What needs to be done »
Pictures stay out of the copy. Transcribe exactly the lines from the line with "This screenshot has" through the final line of the records.
........
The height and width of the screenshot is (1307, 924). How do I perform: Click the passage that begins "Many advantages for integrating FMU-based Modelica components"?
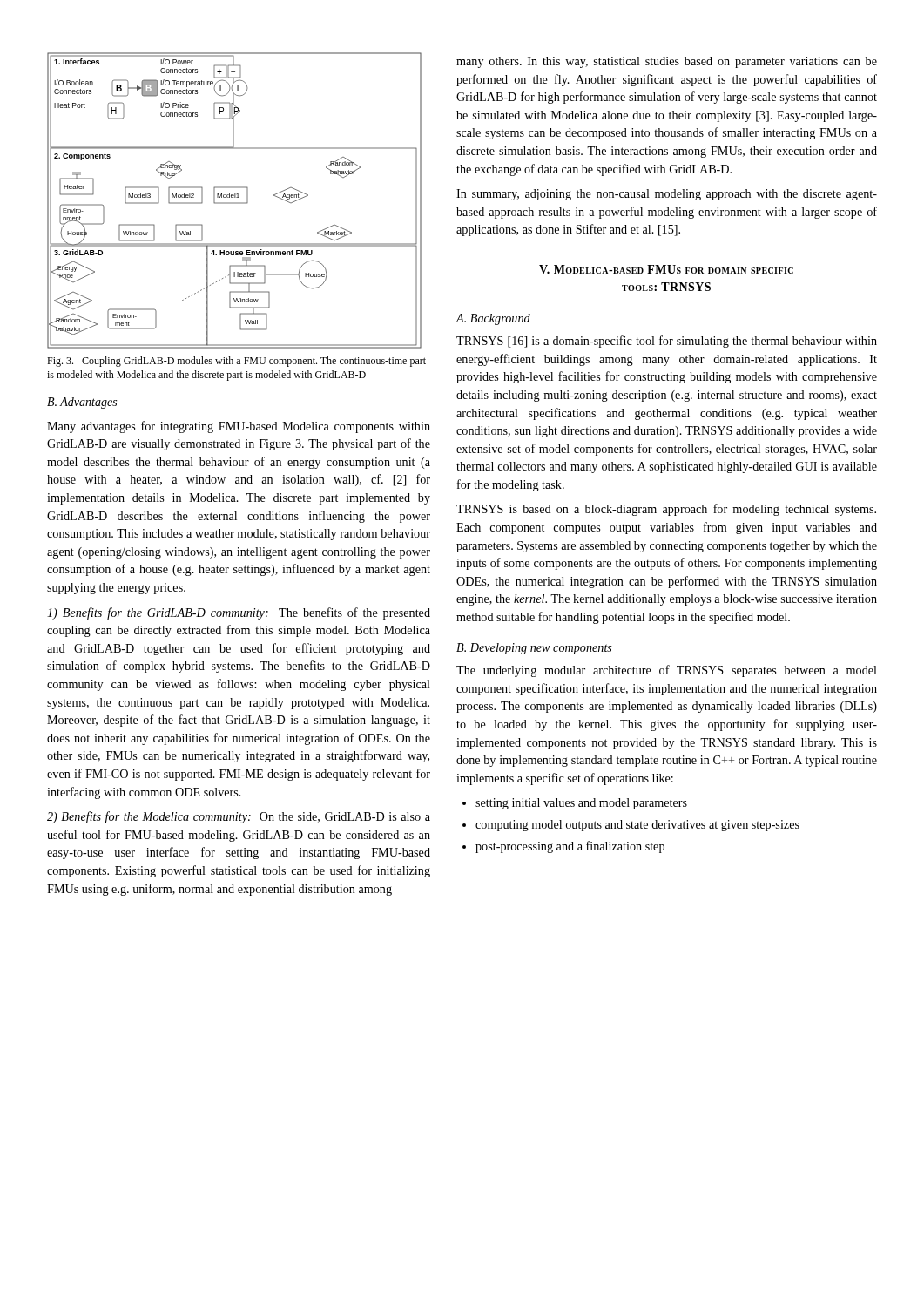(239, 507)
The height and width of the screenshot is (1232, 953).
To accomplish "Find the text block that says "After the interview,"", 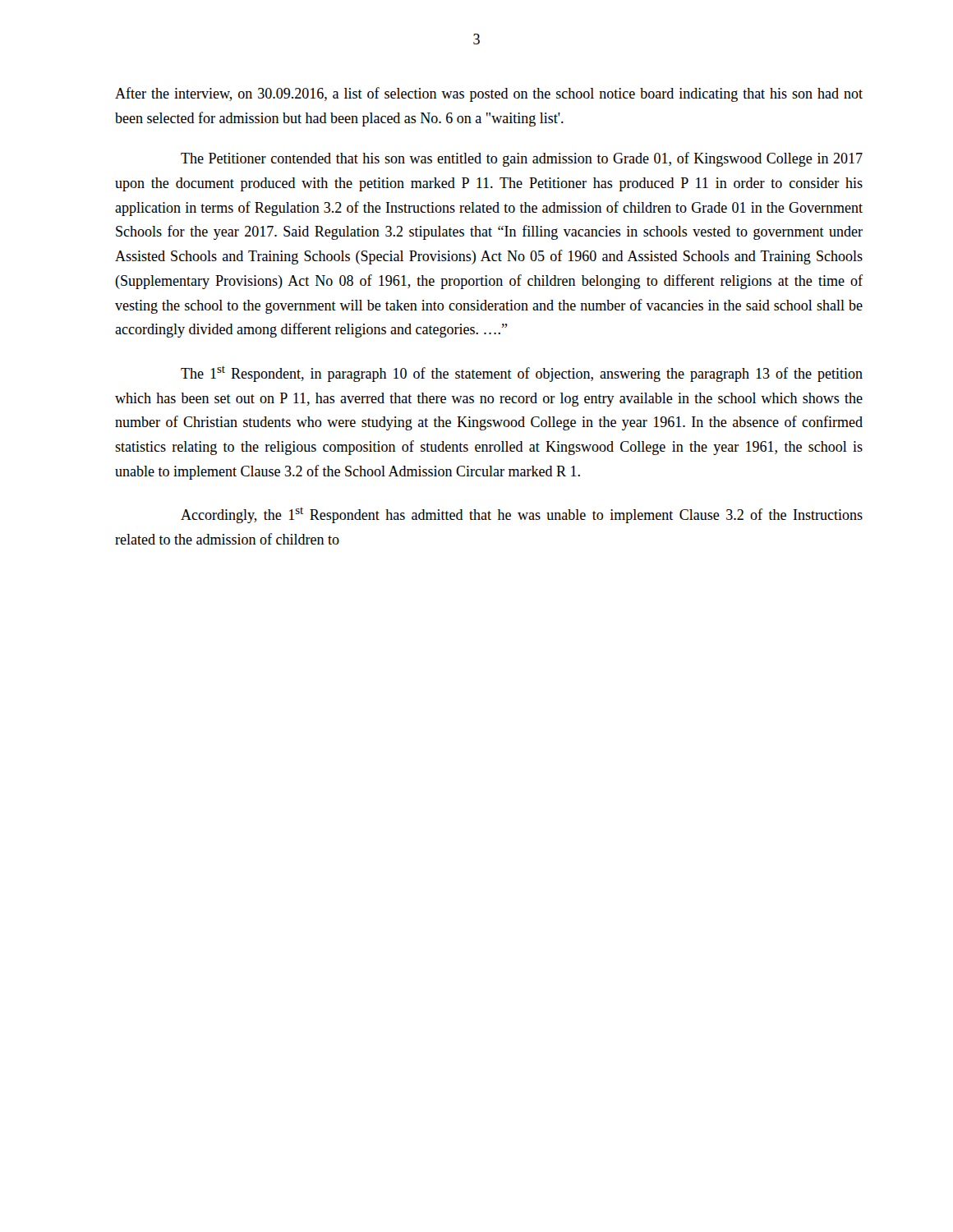I will coord(489,107).
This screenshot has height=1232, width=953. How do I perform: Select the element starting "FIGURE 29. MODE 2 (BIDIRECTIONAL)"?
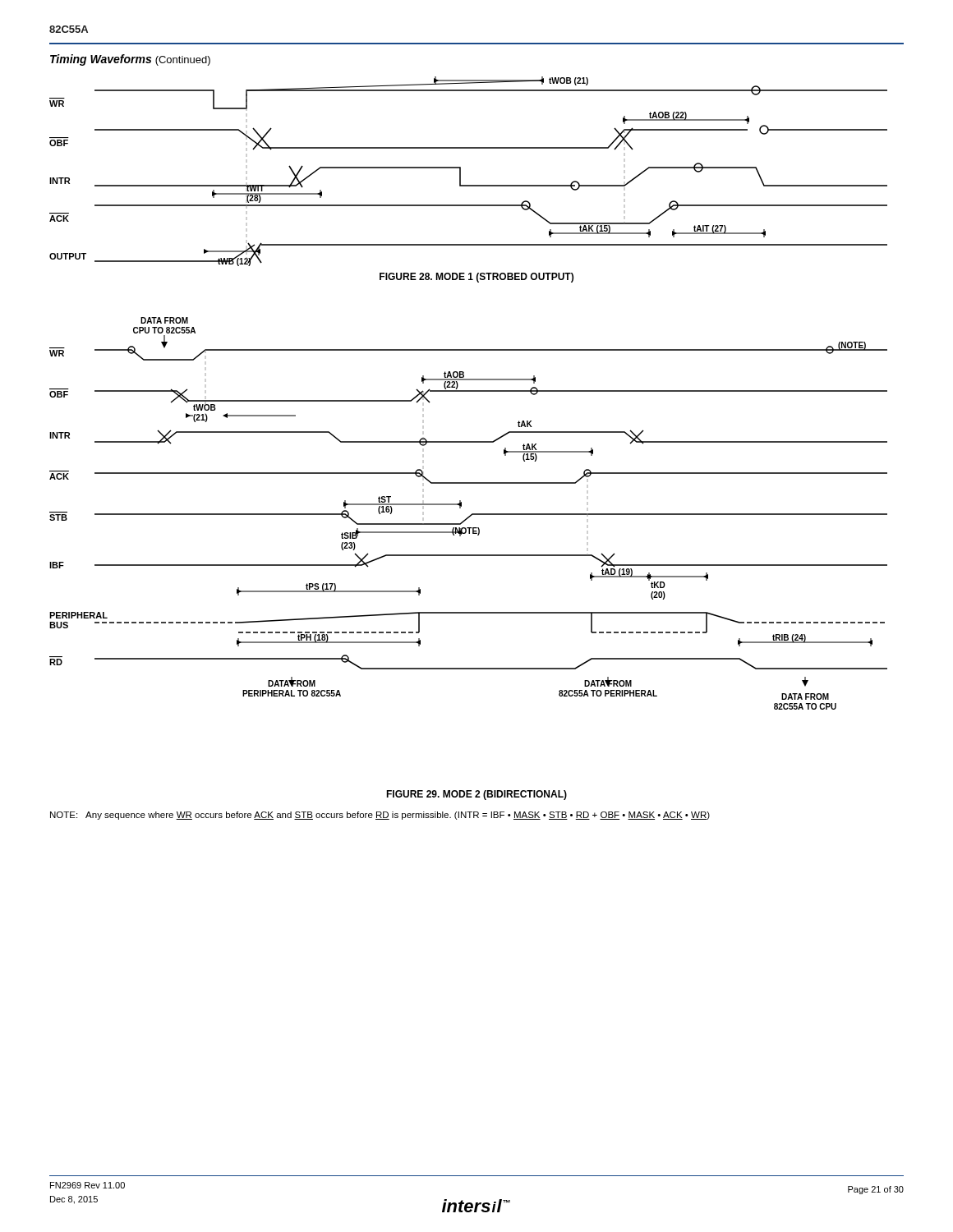[476, 794]
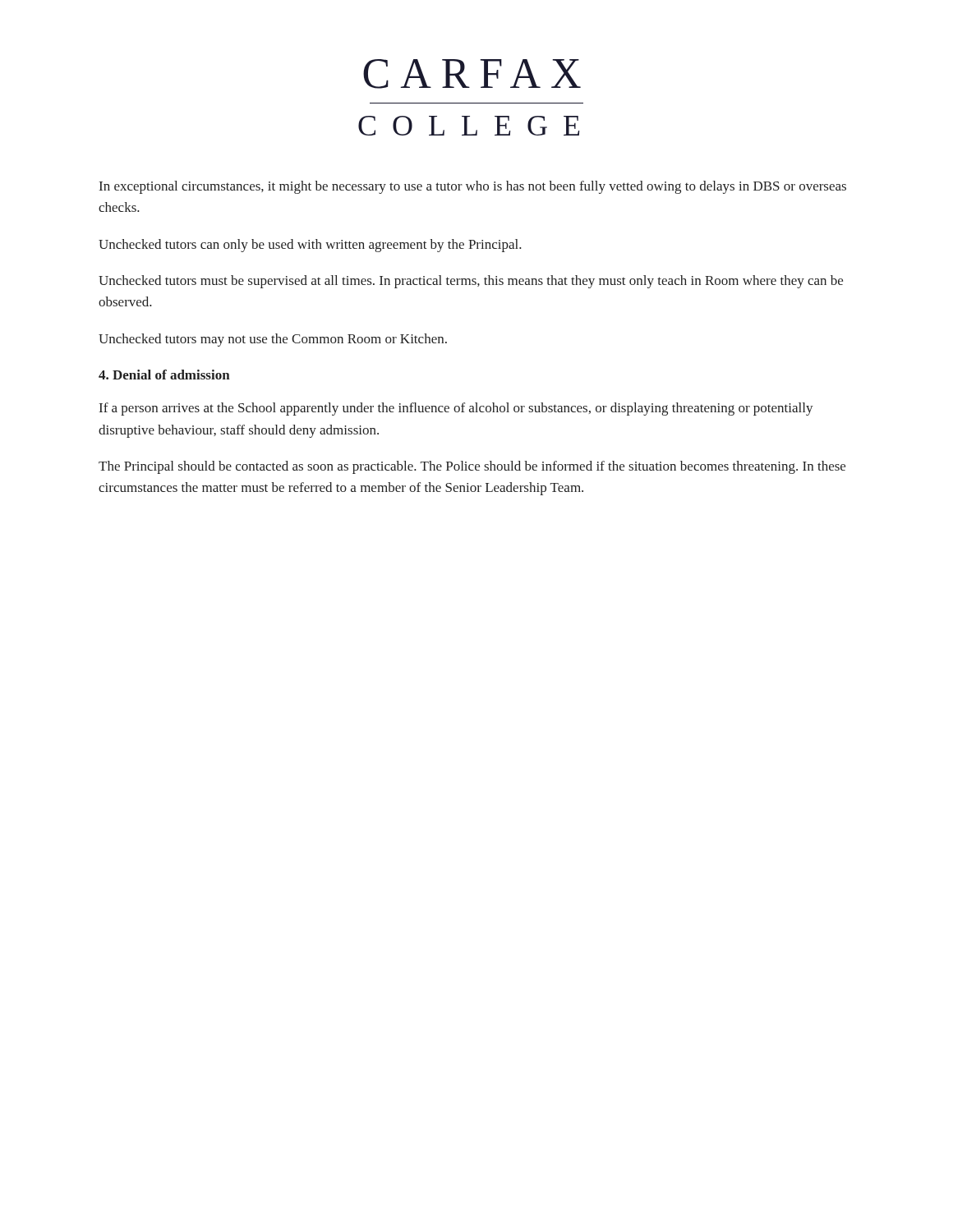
........
Task output »
This screenshot has height=1232, width=953. How do I perform: Select the element starting "FIGURE 29. MODE 2 (BIDIRECTIONAL)"?
[476, 794]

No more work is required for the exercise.